Anyone who has a chronic gastrointestinal condition or believes they may have symptoms of B12 deficiency should seek medical advice. The doctor will seek to identify the cause and treat it accordingly.

Food sources

Good sources of vitamin B12 include the following:

  • clams
  • beef liver
  • fish, such as trout, salmon, and tuna
  • nutritional yeast
  • dairy products
  • eggs
  • fortified yeasts and other foods

List of B-12 foods for vegetarians

For vegetarians looking to increase their vitamin B12 intake, there are a variety of options. Some good choices for B-12 include:

  • yogurt
  • low-fat milk
  • fortified plant-based milk
  • cheese
  • eggs (ovo-vegetarian option)
  • fortified cereals
  • nutritional yeast

While seaweed, algae, and certain mushrooms all contain vitamin B-12, they are not reliable sources because they do not act the same way in the human body. Studies have found that consuming these foods does not significantly increase a person’s vitamin B-12 levels and can still lead to a deficiency. A vegetarian should be sure to consume enough of the following foods on a regular basis. It is vital to understand how much vitamin B-12 these foods contain:

  • 8 ounces (oz) of yogurt contains about 1.1 mcg of vitamin B-12
  • 1 cup of low-fat milk can provide 1.2 mcg of vitamin B-12
  • 1 oz of Swiss cheese can contain 0.95 mcg of vitamin B-12
  • 1 large egg contains 0.6 mcg of vitamin B-12

Fortified cereals are a good choice as they have high bioavailability. This means that the vitamin B-12 does not have to break down before the body absorbs it. Nutritional yeast is popular with both vegetarians and vegans because it is easy to add to dishes while cooking and has a rich, cheesy, nutty flavor. Nutritional yeast can be added to cooked meals or sprinkled on food and snacks.

To use nutritional yeast, a person can:

  • sprinkle it on popcorn
  • mix it into cheese sauces
  • mix it into mashed potatoes
  • sprinkle over scrambled eggs or tofu
  • stir into a creamy soup
  • add to pasta dishes
  • put it on salads

B-12 foods for vegans

Because vegans avoid all animal-derived products, they may rely on vitamin B-12 fortified foods, such as certain breakfast cereals and nutritional yeast. Plant foods do not produce vitamin B-12, so it is vital that vegans find alternative sources of vitamin B12 to remain in the best health.
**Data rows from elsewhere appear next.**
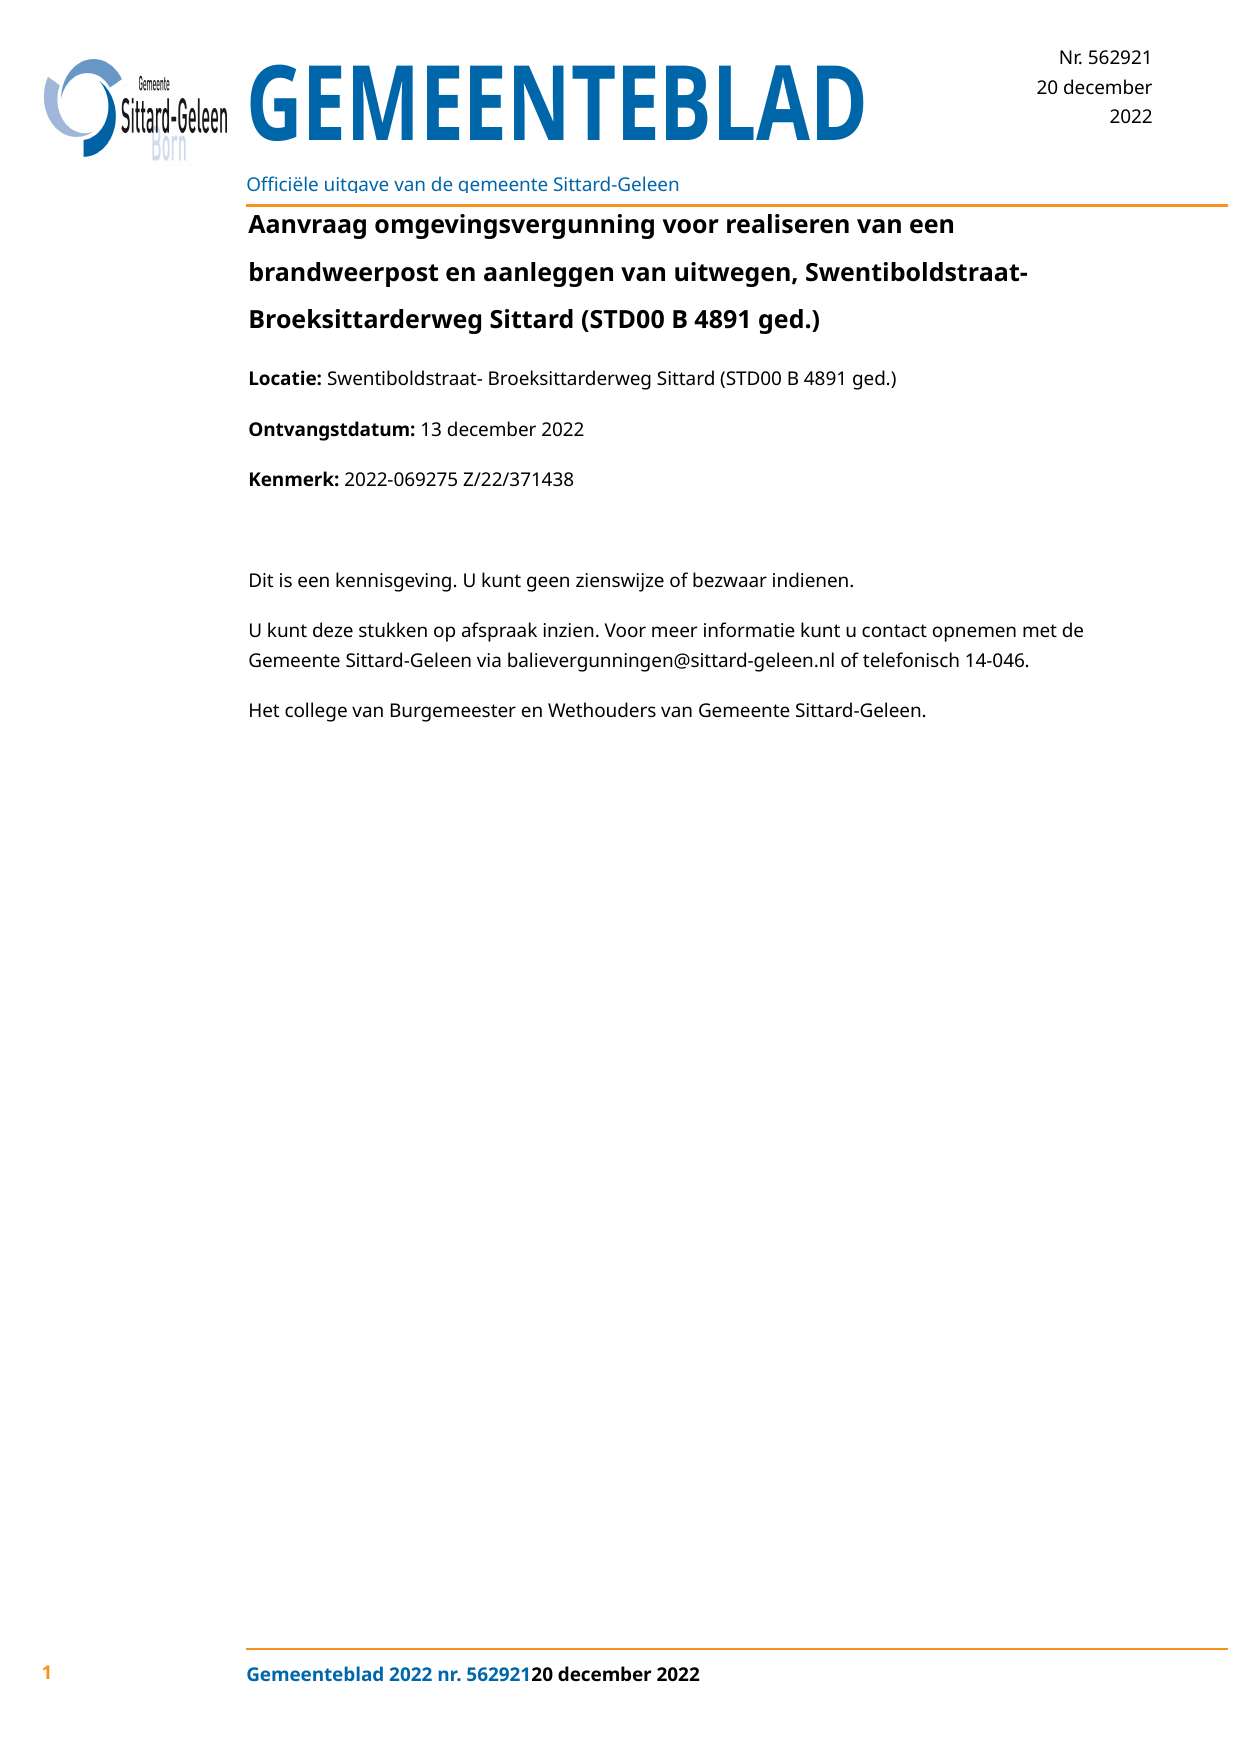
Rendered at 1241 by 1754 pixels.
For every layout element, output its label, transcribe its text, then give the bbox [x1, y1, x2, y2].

text U kunt deze stukken op afspraak inzien. Voor meer informatie kunt u contact opnemen met de Gemeente Sittard-Geleen via balievergunningen@sittard-geleen.nl of telefonisch 14-046. [248, 618, 1152, 673]
text Aanvraag omgevingsvergunning voor realiseren van een brandweerpost en aanleggen van uitwegen, Swentiboldstraat- Broeksittarderweg Sittard (STD00 B 4891 ged.) [248, 207, 1152, 336]
picture [41, 47, 231, 172]
text Ontvangstdatum: 13 december 2022 [248, 416, 1152, 442]
text Het college van Burgemeester en Wethouders van Gemeente Sittard-Geleen. [248, 698, 1152, 723]
text Kenmerk: 2022-069275 Z/22/371438 [248, 466, 1152, 492]
text Dit is een kennisgeving. U kunt geen zienswijze of bezwaar indienen. [248, 567, 1152, 593]
text Locatie: Swentiboldstraat- Broeksittarderweg Sittard (STD00 B 4891 ged.) [248, 366, 1152, 391]
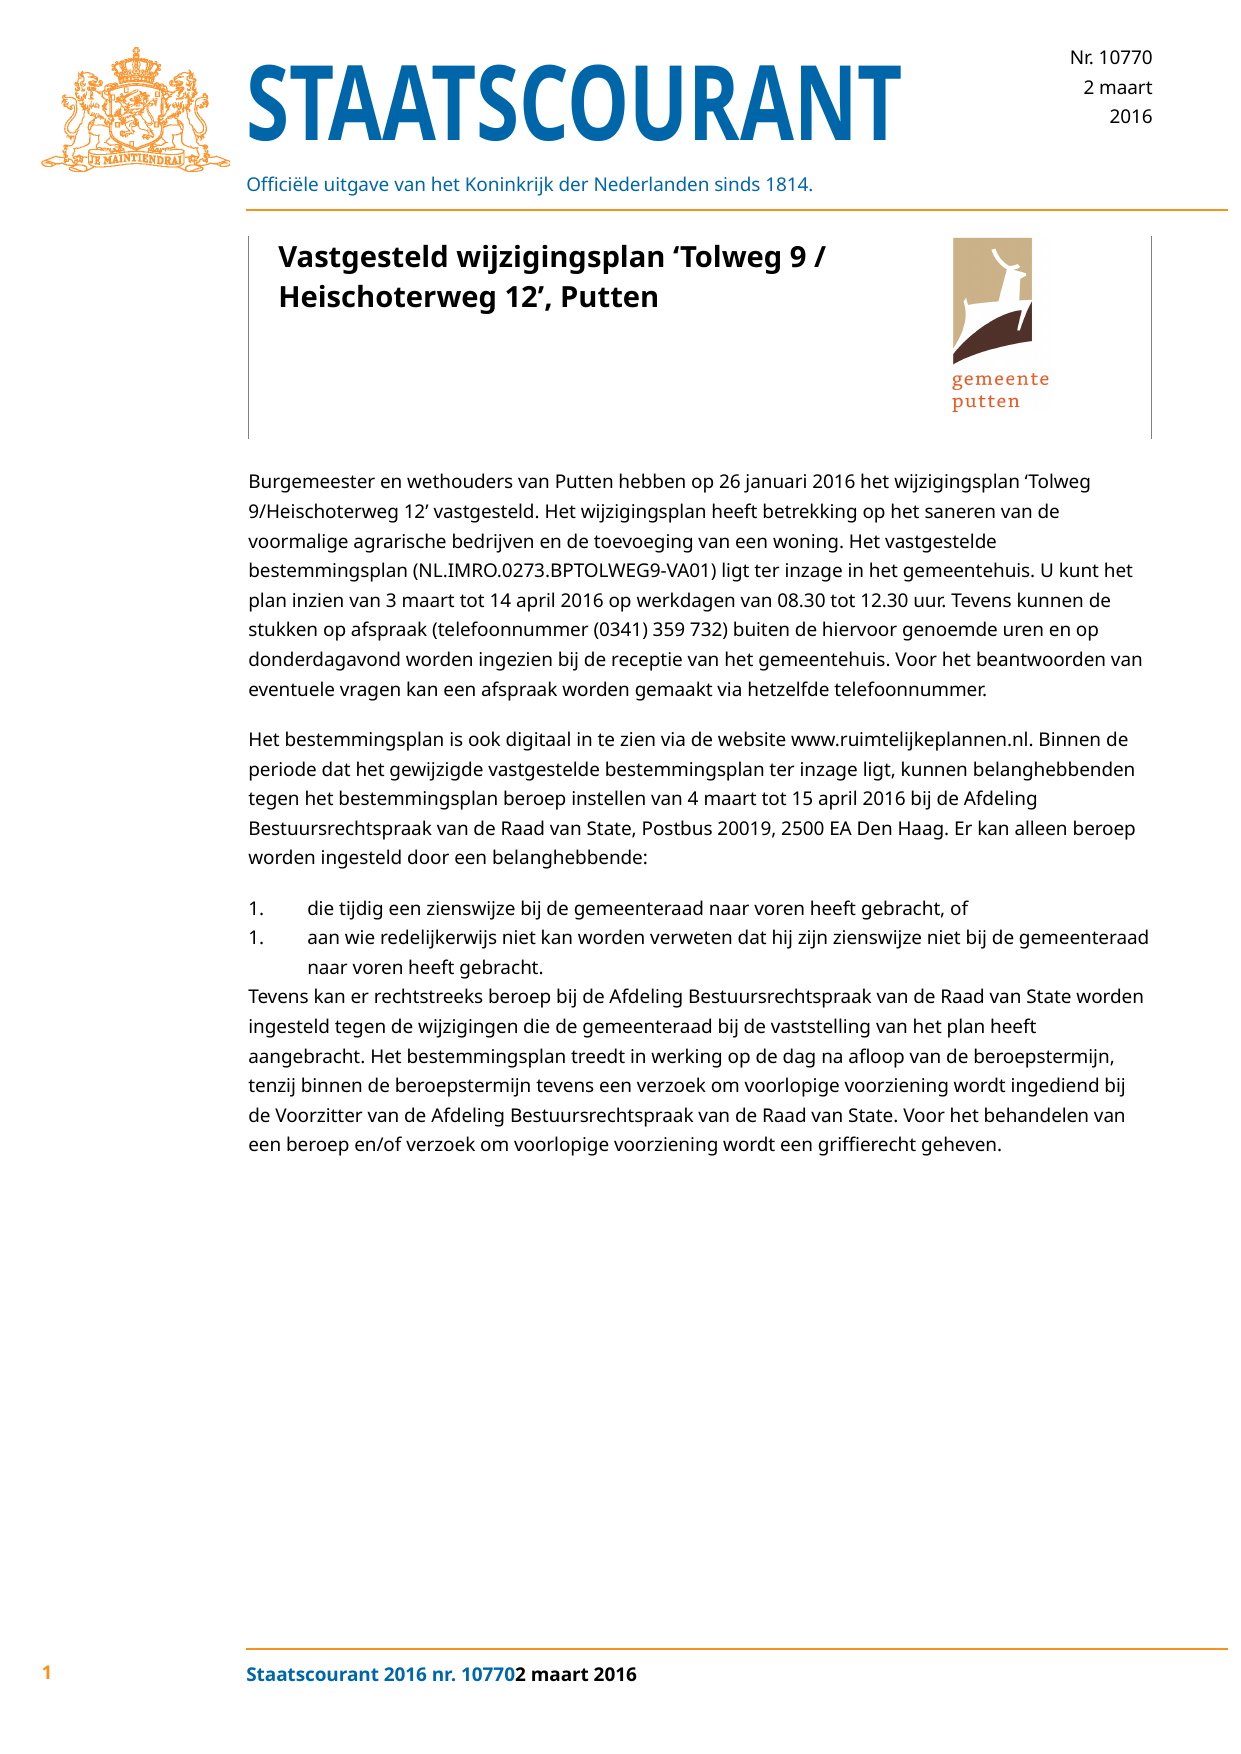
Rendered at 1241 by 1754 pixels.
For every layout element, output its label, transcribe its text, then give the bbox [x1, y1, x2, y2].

text Burgemeester en wethouders van Putten hebben op 26 januari 2016 het wijzigingsplan ‘Tolweg 9/Heischoterweg 12’ vastgesteld. Het wijzigingsplan heeft betrekking op het saneren van de voormalige agrarische bedrijven en de toevoeging van een woning. Het vastgestelde bestemmingsplan (NL.IMRO.0273.BPTOLWEG9-VA01) ligt ter inzage in het gemeentehuis. U kunt het plan inzien van 3 maart tot 14 april 2016 op werkdagen van 08.30 tot 12.30 uur. Tevens kunnen de stukken op afspraak (telefoonnummer (0341) 359 732) buiten de hiervoor genoemde uren en op donderdagavond worden ingezien bij de receptie van het gemeentehuis. Voor het beantwoorden van eventuele vragen kan een afspraak worden gemaakt via hetzelfde telefoonnummer. [248, 469, 1152, 701]
picture [41, 47, 231, 172]
table_header [850, 236, 951, 413]
text Het bestemmingsplan is ook digitaal in te zien via de website www.ruimtelijkeplannen.nl. Binnen de periode dat het gewijzigde vastgestelde bestemmingsplan ter inzage ligt, kunnen belanghebbenden tegen het bestemmingsplan beroep instellen van 4 maart tot 15 april 2016 bij de Afdeling Bestuursrechtspraak van de Raad van State, Postbus 20019, 2500 EA Den Haag. Er kan alleen beroep worden ingesteld door een belanghebbende: [248, 726, 1152, 870]
picture [951, 236, 1050, 414]
table_header [850, 414, 1151, 439]
text Tevens kan er rechtstreeks beroep bij de Afdeling Bestuursrechtspraak van de Raad van State worden ingesteld tegen de wijzigingen die de gemeenteraad bij de vaststelling van het plan heeft aangebracht. Het bestemmingsplan treedt in werking op de dag na afloop van de beroepstermijn, tenzij binnen de beroepstermijn tevens een verzoek om voorlopige voorziening wordt ingediend bij de Voorzitter van de Afdeling Bestuursrechtspraak van de Raad van State. Voor het behandelen van een beroep en/of verzoek om voorlopige voorziening wordt een griffierecht geheven. [248, 984, 1152, 1157]
table_header [1050, 236, 1151, 413]
list die tijdig een zienswijze bij de gemeenteraad naar voren heeft gebracht, of [248, 895, 1152, 921]
table_header Vastgesteld wijzigingsplan ‘Tolweg 9 / Heischoterweg 12’, Putten [249, 236, 850, 439]
list aan wie redelijkerwijs niet kan worden verweten dat hij zijn zienswijze niet bij de gemeenteraad naar voren heeft gebracht. [248, 924, 1152, 980]
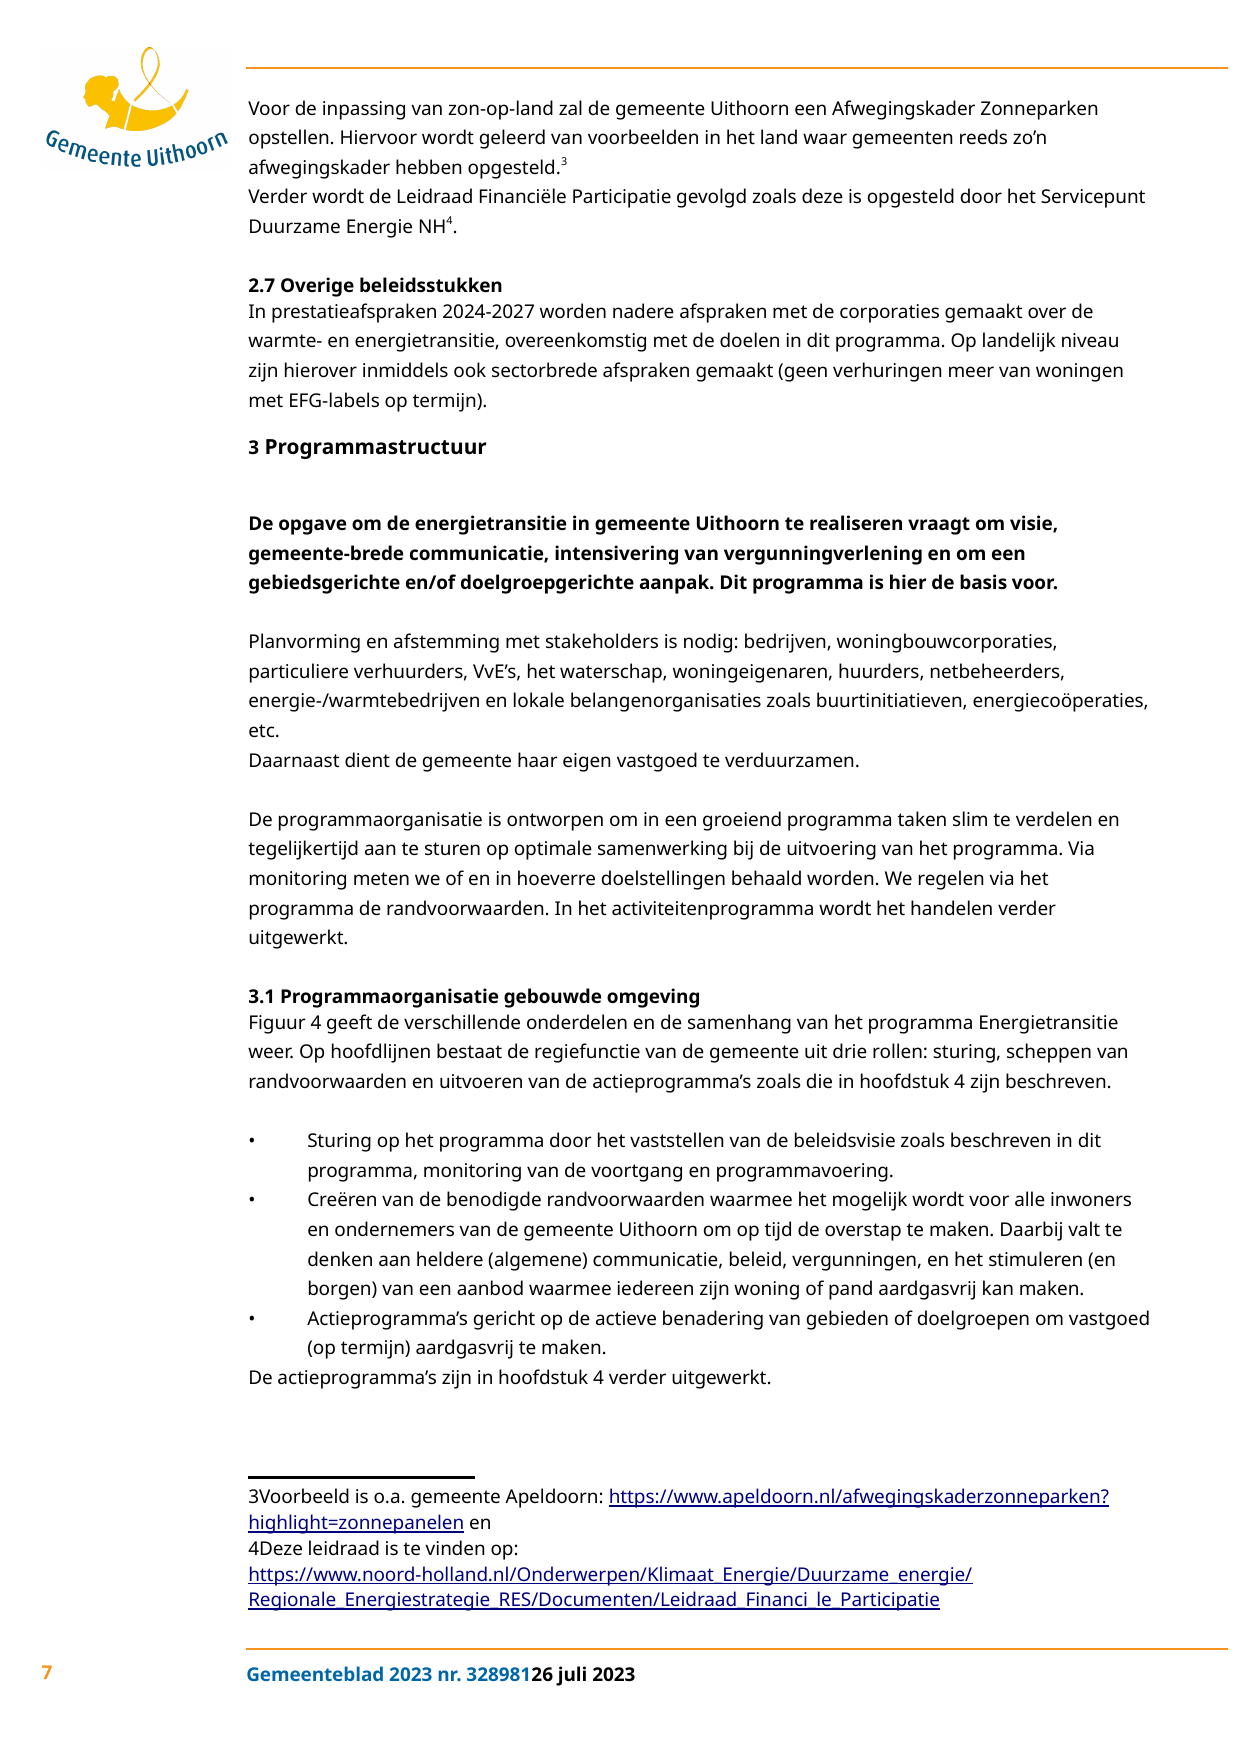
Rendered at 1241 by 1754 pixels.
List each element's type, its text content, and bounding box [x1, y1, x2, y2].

text Voor de inpassing van zon-op-land zal de gemeente Uithoorn een Afwegingskader Zonneparken opstellen. Hiervoor wordt geleerd van voorbeelden in het land waar gemeenten reeds zo’n afwegingskader hebben opgesteld. [248, 95, 1152, 180]
text 2.7 Overige beleidsstukken [248, 272, 1152, 298]
text 3.1 Programmaorganisatie gebouwde omgeving [248, 983, 1152, 1009]
picture [41, 47, 231, 172]
text Figuur 4 geeft de verschillende onderdelen en de samenhang van het programma Energietransitie weer. Op hoofdlijnen bestaat de regiefunctie van de gemeente uit drie rollen: sturing, scheppen van randvoorwaarden en uitvoeren van de actieprogramma’s zoals die in hoofdstuk 4 zijn beschreven. [248, 1009, 1152, 1094]
text De actieprogramma’s zijn in hoofdstuk 4 verder uitgewerkt. [248, 1364, 1152, 1390]
text Voorbeeld is o.a. gemeente Apeldoorn: https://www.apeldoorn.nl/afwegingskaderzonneparken?highlight=zonnepanelen en [248, 1483, 1152, 1535]
list Actieprogramma’s gericht op de actieve benadering van gebieden of doelgroepen om vastgoed (op termijn) aardgasvrij te maken. [248, 1305, 1152, 1360]
text Deze leidraad is te vinden op: https://www.noord-holland.nl/Onderwerpen/Klimaat_Energie/Duurzame_energie/Regionale_Energiestrategie_RES/Documenten/Leidraad_Financi_le_Participatie [248, 1535, 1152, 1612]
list Sturing op het programma door het vaststellen van de beleidsvisie zoals beschreven in dit programma, monitoring van de voortgang en programmavoering. [248, 1127, 1152, 1183]
text Verder wordt de Leidraad Financiële Participatie gevolgd zoals deze is opgesteld door het Servicepunt Duurzame Energie NH. [248, 183, 1152, 239]
list Creëren van de benodigde randvoorwaarden waarmee het mogelijk wordt voor alle inwoners en ondernemers van de gemeente Uithoorn om op tijd de overstap te maken. Daarbij valt te denken aan heldere (algemene) communicatie, beleid, vergunningen, en het stimuleren (en borgen) van een aanbod waarmee iedereen zijn woning of pand aardgasvrij kan maken. [248, 1187, 1152, 1301]
text De programmaorganisatie is ontworpen om in een groeiend programma taken slim te verdelen en tegelijkertijd aan te sturen op optimale samenwerking bij de uitvoering van het programma. Via monitoring meten we of en in hoeverre doelstellingen behaald worden. We regelen via het programma de randvoorwaarden. In het activiteitenprogramma wordt het handelen verder uitgewerkt. [248, 806, 1152, 950]
text Planvorming en afstemming met stakeholders is nodig: bedrijven, woningbouwcorporaties, particuliere verhuurders, VvE’s, het waterschap, woningeigenaren, huurders, netbeheerders, energie-/warmtebedrijven en lokale belangenorganisaties zoals buurtinitiatieven, energiecoöperaties, etc. [248, 628, 1152, 743]
text In prestatieafspraken 2024-2027 worden nadere afspraken met de corporaties gemaakt over de warmte- en energietransitie, overeenkomstig met de doelen in dit programma. Op landelijk niveau zijn hierover inmiddels ook sectorbrede afspraken gemaakt (geen verhuringen meer van woningen met EFG-labels op termijn). [248, 298, 1152, 412]
text Daarnaast dient de gemeente haar eigen vastgoed te verduurzamen. [248, 747, 1152, 772]
text 3 Programmastructuur [248, 432, 1152, 461]
text De opgave om de energietransitie in gemeente Uithoorn te realiseren vraagt om visie, gemeente-brede communicatie, intensivering van vergunningverlening en om een gebiedsgerichte en/of doelgroepgerichte aanpak. Dit programma is hier de basis voor. [248, 510, 1152, 595]

Some foods that can be fortified with vitamin B-12 include:

  • fortified non-dairy milk
  • meat substitutes
  • breakfast cereals
  • nutritional yeast
  • vegan spreads

It is essential to read the labels on all of these foods, as some may not be fortified with vitamin B-12. For those who are already B-12 deficient, supplemental B-12 in the form of capsules or injections may be required.

The Bottom Line

Vitamin B12 deficiency is common and can present itself in various ways, making it difficult to identify. If you’re at risk and have any of the symptoms above, speak to your doctor. For most people, a B12 deficiency should be easy to prevent simply by ensuring you are getting enough B12 in your diet.